EL AMOR AL PRÓJIMO
La Vida empieza a tener sentido, cuando ayudamos a otros a ponerse de pie y a andar.
Cuando respiramos hinchando nuestros pulmones de aire, y notamos que no estamos solos a pesar de estar en el desierto.
Cuando miramos al Cielo y vemos las estrellas que dominan el firmamento, comprendemos que no estamos solos, comprendemos que la vida es mucho más que el simple palpitar de nuestro corazón.
La vida tiene sentido cuando andamos y no dejamos tras de nosotros amargura.
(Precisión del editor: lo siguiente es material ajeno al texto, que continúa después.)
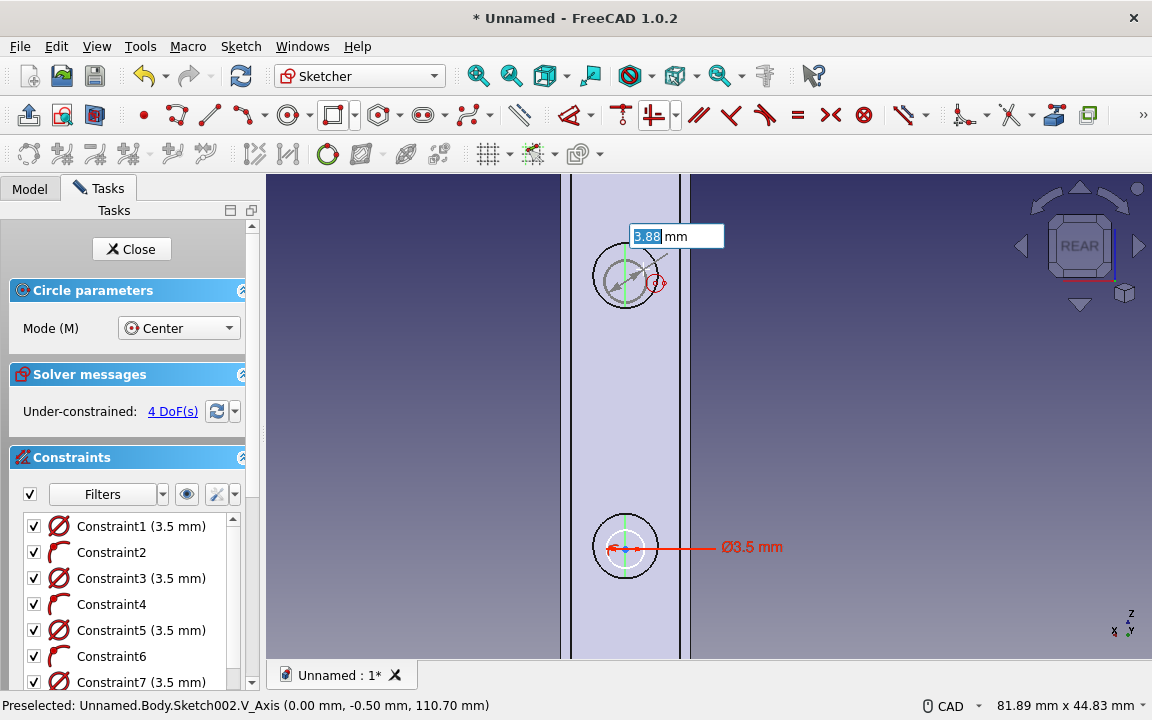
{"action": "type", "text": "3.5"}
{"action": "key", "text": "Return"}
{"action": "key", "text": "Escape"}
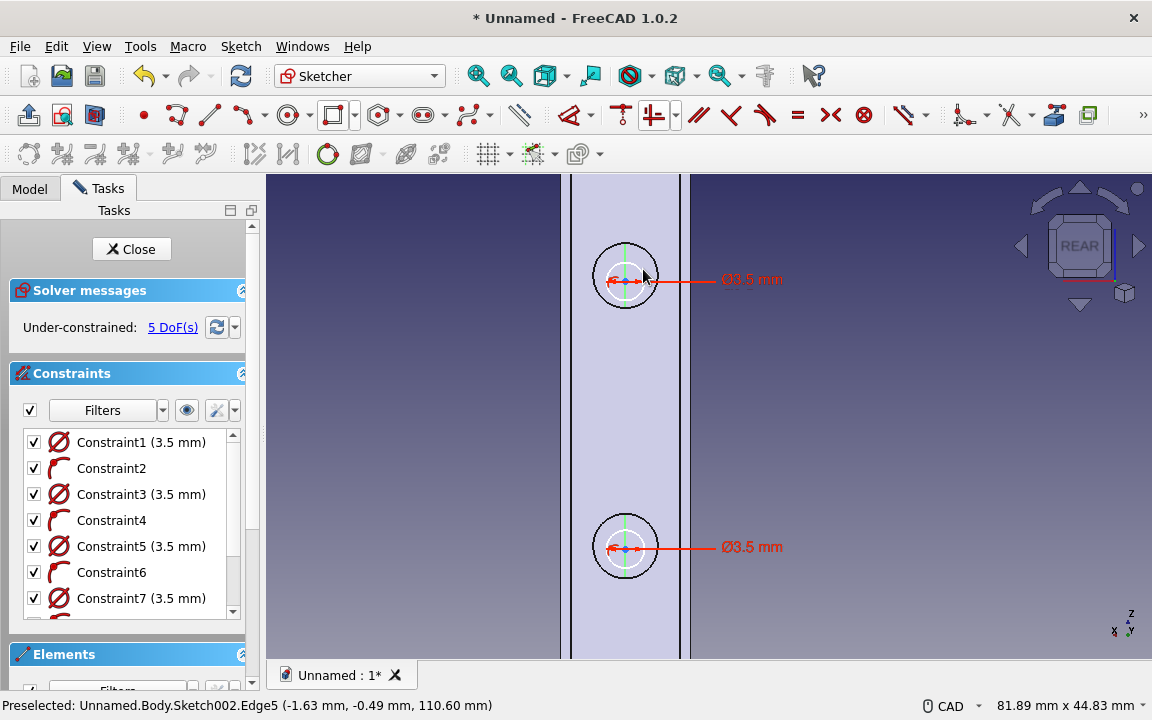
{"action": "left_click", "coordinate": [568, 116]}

Cuando tras de nosotros, hemos dejado amigos y hermanos. Cuando hemos dejado un grato recuerdo, en tanto aquel que nos ha conocido.
Apoyemos nuestra mano sobre el hombro de aquellos que andan con nosotros, porque si nos sentimos débiles, ellos nos reconfortarán; y si nos sentimos fuertes, andaremos más de prisa.
Si hablamos a los demás, que nuestras palabras sean limpias; pero no hablemos con orgullo, porque hacerlo así, es hablar con falsedad.
Si alimentamos nuestro cuerpo es para que nos sirva; debemos alimentar también nuestro espíritu, para que también nos sirva.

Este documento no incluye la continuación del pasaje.